The on-device engine. createEngine loads ONNX models in the browser via @huggingface/transformers + ONNX Runtime Web (WebGPU / WASM) and exposes them behind a narrow Engine surface that streams EngineEvents.

Status. Contract + cloud providers are the live integration path: relay and agent both consume a ModelClient. createEngine loads a model through @huggingface/transformers and generate() streams real tokens (the end-to-end load path runs in examples/local-llm-poc, headless-verified). The engine is now a ModelClient too, via createEngineModelClient (root), which widens the engine's EngineEvent stream to the contract's ModelEvent. The old @inbrowser/model/relay and @inbrowser/model/agent adapter subpaths have been removed. Known gaps: GenerateOpts.stop sequences are accepted but not yet enforced, and the site's in-browser docs-chat path that drives a local engine through the agent is still forthcoming (the adapter exists; the site toggle does not).
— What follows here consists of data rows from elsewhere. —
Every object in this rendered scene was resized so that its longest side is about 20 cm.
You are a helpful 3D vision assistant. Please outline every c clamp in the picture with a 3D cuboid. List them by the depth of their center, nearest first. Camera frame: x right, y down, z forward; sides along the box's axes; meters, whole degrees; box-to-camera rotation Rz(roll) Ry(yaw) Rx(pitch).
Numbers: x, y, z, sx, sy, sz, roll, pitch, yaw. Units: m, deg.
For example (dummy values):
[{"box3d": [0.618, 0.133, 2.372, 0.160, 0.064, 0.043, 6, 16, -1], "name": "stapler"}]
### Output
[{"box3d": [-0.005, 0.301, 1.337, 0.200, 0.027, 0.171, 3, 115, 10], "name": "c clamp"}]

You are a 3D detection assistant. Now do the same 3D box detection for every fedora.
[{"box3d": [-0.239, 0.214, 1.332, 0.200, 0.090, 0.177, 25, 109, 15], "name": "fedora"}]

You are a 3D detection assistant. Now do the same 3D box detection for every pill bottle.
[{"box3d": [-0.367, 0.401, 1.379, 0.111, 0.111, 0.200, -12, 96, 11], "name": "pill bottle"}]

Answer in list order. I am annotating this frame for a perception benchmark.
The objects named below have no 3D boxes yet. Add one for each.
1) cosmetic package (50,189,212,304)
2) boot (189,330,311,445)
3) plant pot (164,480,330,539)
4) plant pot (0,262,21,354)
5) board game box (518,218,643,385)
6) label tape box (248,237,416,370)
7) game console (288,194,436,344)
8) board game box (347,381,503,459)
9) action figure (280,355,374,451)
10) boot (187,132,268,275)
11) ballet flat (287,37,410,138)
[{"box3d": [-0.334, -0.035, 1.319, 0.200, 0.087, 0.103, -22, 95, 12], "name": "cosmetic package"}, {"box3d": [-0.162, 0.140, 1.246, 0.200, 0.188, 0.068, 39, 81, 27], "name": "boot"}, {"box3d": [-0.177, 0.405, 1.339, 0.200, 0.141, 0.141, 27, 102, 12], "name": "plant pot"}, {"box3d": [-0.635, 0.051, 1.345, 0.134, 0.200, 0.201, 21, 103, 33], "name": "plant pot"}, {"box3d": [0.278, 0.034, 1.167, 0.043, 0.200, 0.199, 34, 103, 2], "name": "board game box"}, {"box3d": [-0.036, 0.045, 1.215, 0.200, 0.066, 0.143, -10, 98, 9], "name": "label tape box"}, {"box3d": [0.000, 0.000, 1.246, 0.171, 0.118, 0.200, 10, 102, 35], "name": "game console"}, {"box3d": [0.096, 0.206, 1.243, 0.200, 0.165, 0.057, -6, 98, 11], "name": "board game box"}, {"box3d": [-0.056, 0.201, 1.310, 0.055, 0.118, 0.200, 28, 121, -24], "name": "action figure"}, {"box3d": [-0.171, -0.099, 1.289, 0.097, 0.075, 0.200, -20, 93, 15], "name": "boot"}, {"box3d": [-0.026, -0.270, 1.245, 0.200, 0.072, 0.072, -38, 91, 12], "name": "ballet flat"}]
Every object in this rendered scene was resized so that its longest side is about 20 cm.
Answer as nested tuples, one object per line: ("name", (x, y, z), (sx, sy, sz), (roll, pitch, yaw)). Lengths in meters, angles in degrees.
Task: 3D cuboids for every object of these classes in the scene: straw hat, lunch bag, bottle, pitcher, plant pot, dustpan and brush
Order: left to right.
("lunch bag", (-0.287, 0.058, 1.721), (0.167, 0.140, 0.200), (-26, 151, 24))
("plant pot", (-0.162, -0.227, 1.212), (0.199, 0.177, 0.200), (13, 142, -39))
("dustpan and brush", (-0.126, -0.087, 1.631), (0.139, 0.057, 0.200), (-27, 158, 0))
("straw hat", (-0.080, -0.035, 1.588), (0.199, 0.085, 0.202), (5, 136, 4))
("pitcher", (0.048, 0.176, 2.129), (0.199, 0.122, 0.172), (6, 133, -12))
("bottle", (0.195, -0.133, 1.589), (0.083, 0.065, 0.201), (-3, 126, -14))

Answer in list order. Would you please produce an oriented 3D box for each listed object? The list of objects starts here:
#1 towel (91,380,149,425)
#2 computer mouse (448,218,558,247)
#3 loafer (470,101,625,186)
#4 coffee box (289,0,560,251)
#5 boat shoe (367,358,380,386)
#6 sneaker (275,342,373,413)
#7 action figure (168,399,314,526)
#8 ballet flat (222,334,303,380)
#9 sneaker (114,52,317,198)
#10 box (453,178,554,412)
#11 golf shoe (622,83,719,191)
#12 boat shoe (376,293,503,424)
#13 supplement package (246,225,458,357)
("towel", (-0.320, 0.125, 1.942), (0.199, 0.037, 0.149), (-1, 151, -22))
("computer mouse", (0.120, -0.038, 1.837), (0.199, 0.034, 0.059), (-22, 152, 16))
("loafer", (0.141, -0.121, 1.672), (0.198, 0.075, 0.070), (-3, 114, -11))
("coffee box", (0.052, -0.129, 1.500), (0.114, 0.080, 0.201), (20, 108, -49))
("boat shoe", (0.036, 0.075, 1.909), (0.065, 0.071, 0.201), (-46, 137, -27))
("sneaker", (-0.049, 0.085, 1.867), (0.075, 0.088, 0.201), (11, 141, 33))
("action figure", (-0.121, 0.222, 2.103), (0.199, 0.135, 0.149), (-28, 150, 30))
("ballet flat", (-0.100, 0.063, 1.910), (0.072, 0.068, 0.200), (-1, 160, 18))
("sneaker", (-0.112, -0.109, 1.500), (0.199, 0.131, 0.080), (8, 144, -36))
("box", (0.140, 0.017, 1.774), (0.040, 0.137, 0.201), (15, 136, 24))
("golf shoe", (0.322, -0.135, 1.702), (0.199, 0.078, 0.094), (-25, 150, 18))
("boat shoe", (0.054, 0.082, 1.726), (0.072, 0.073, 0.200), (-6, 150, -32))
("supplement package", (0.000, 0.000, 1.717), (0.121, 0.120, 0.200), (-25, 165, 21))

A cloud model as a `ModelClient`

import { geminiModelClient } from '@inbrowser/model';

const client = geminiModelClient({ apiKey: process.env.GEMINI_KEY, model: 'gemini-3.5-flash' });

for await (const evt of client.chat(
  {
    messages: [{ role: 'user', text: 'Explain WebGPU in one paragraph.' }],
    tools: [],
    toolUseEnabled: false,
  },
  new AbortController().signal,
)) {
  if (evt.kind === 'text') process.stdout.write(evt.text);
  else if (evt.kind === 'usage') console.error(evt.usage);
}

The turn ends when the iterable returns; a usage event (or a terminal error event) is the last thing emitted. There is no turn_complete event.

A local OpenAI-compatible server

Ollama, llama.cpp's llama-server, vLLM, LM Studio, LocalAI, and friends all expose the same OpenAI POST /v1/chat/completions wire shape. One generic factory talks to any of them; two named presets carry the right defaults for the common local servers:

import {
  openaiCompatModelClient, // any OAI server — set baseUrl (or endpoint)
  ollamaModelClient,       // preset: defaults to http://localhost:11434, no auth
  llamaServerModelClient,  // preset: defaults to http://localhost:8080
} from '@inbrowser/model';

// Generic: point at any OAI-compatible server. `apiKey` becomes a Bearer token.
const vllm = openaiCompatModelClient({ baseUrl: 'http://gpu.local:8000', model: 'qwen2.5' });

// llama.cpp llama-server. `--api-key` is optional; pass it as `apiKey`.
const llama = llamaServerModelClient({ model: 'qwen2.5-coder', apiKey: process.env.LLAMA_KEY });

Tool calling on llama-server needs --jinja. The server only honors the OpenAI tools array when launched with --jinja (so it applies a tool-aware chat template); without it, tool calls never stream back. Auth is off unless you start it with --api-key KEY.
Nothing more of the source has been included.